Healio: Were you surprised at your findings?

Weaver: We sure were. As a person who has dutifully plugged away with the amyloid and tau story for the last 25 years, it has been interesting having all these pieces fall together. It has been surprising but gratifying.

Healio: Could you talk about the response to your findings from the clinical, research and patient communities?

Weaver: It varies from, “Wow, this is really neat,” to “You have to be kidding me.” There are a lot of researchers in the area of Alzheimer’s who are passionately wed to their own way of thinking — with, I might add, lots of research funding to support it. So, there are other theories out there. What I would like to think is that this is a valid hypothesis that we are putting forward. This is worthy of additional study and can take a valued place among new and old theories.

Healio: Should rheumatologists start thinking more about Alzheimer’s?

Weaver: The research institute in which I work here in Toronto has three main threads: the brain, rheumatology and ophthalmology. We work side-by-side with rheumatologists all the time. I have found it incredibly useful to go talk to them because their thinking about the immune system is much more developed and advanced than ours in neurology. We appreciate the expertise they bring to the table in our patients.

The other thing that is relevant is that we are starting to use biologics more and more in the area of neurology. Certainly, at our own institution, rheumatologists are the best people to administer those drugs. They are experienced at suppressing the immune system. So, I see a lot of potential overlap between the two specialties.

Healio: Will there be clinical trials of your approach in patients?

Weaver: At this point, I would like to draw a distinction between the autoimmune diseases that rheumatologists deal with and the type of autoimmune disease that has been put forward for Alzheimer’s.

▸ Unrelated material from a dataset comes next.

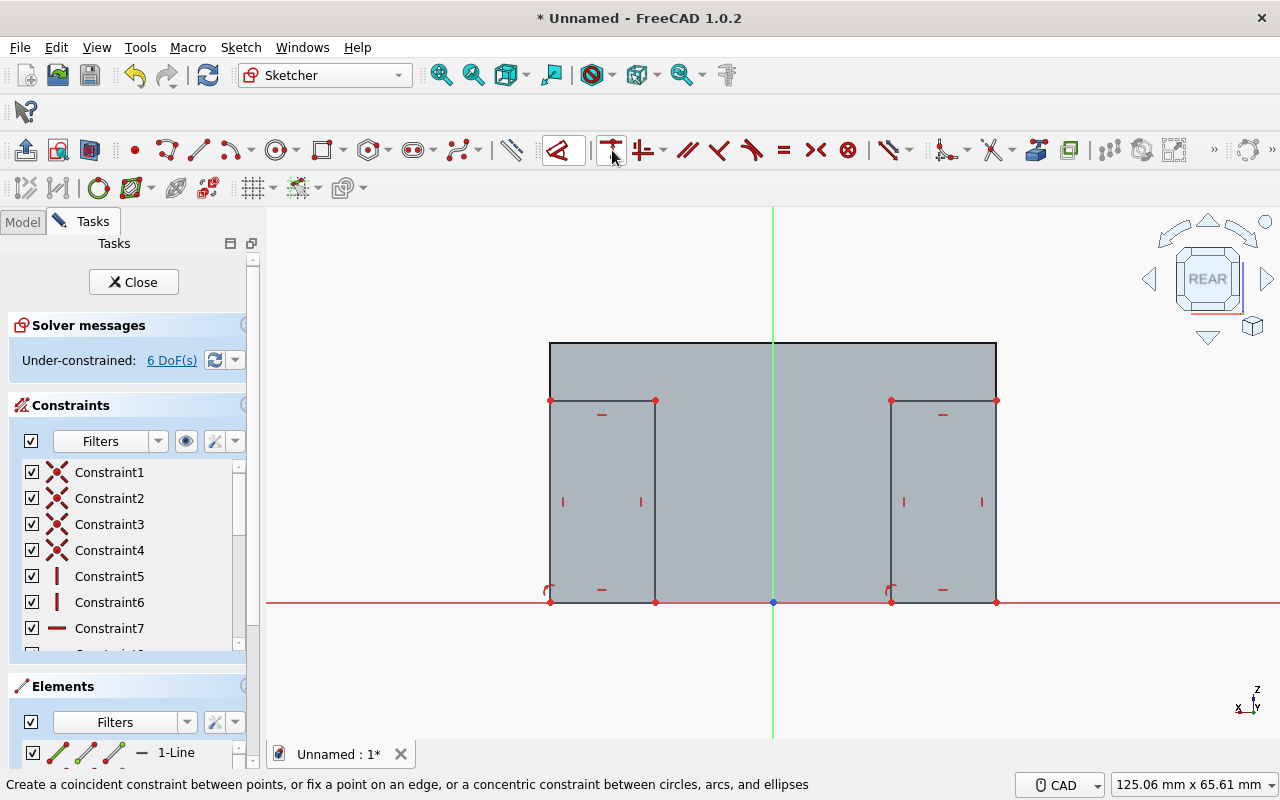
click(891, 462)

For rheumatoid arthritis or lupus, it is at the level of adaptive immunity. This model of Alzheimer’s is a model of innate immunity. In that regard it is different.

So, with that in mind, what we have proposed is that amyloid beta has an immunomodulatory influence on the triggering receptor expressed on myeloid cells 2 (TREM2)-glycosaminoglycan (GAG)-Nod-like receptor protein 3 (NLRP3) network, and the L-tryptophan and L-arginine metabolism. What we are hoping is that this focus will lead to new diagnostics and therapeutics.

Healio: Should rheumatologists be part of the care team for patients?

Weaver: I like to think that Alzheimer’s care will ultimately require a team approach that includes a focus on the immune system. We will need competence in area of immunology. Given the experience and expertise rheumatologists have with the immune system, I think they would be an excellent member of the care team for any Alzheimer’s patient.

Healio: What could this change for Alzheimer’s patients?

Weaver: Because we lack diagnostics and therapeutics, if someone comes in with a memory disorder, we do mental status tests, memorization tests, other such interventions. Coming up with a concrete mechanistic explanation for the disease can lead to new diagnostics and therapeutics. It can lead to a pipeline. Hopefully, that will lead to meaningful change for these patients. This is a complicated disease.

Reference:

Weaver DF. Alz & Dem. 2022;doi:10.1002/alz.12789.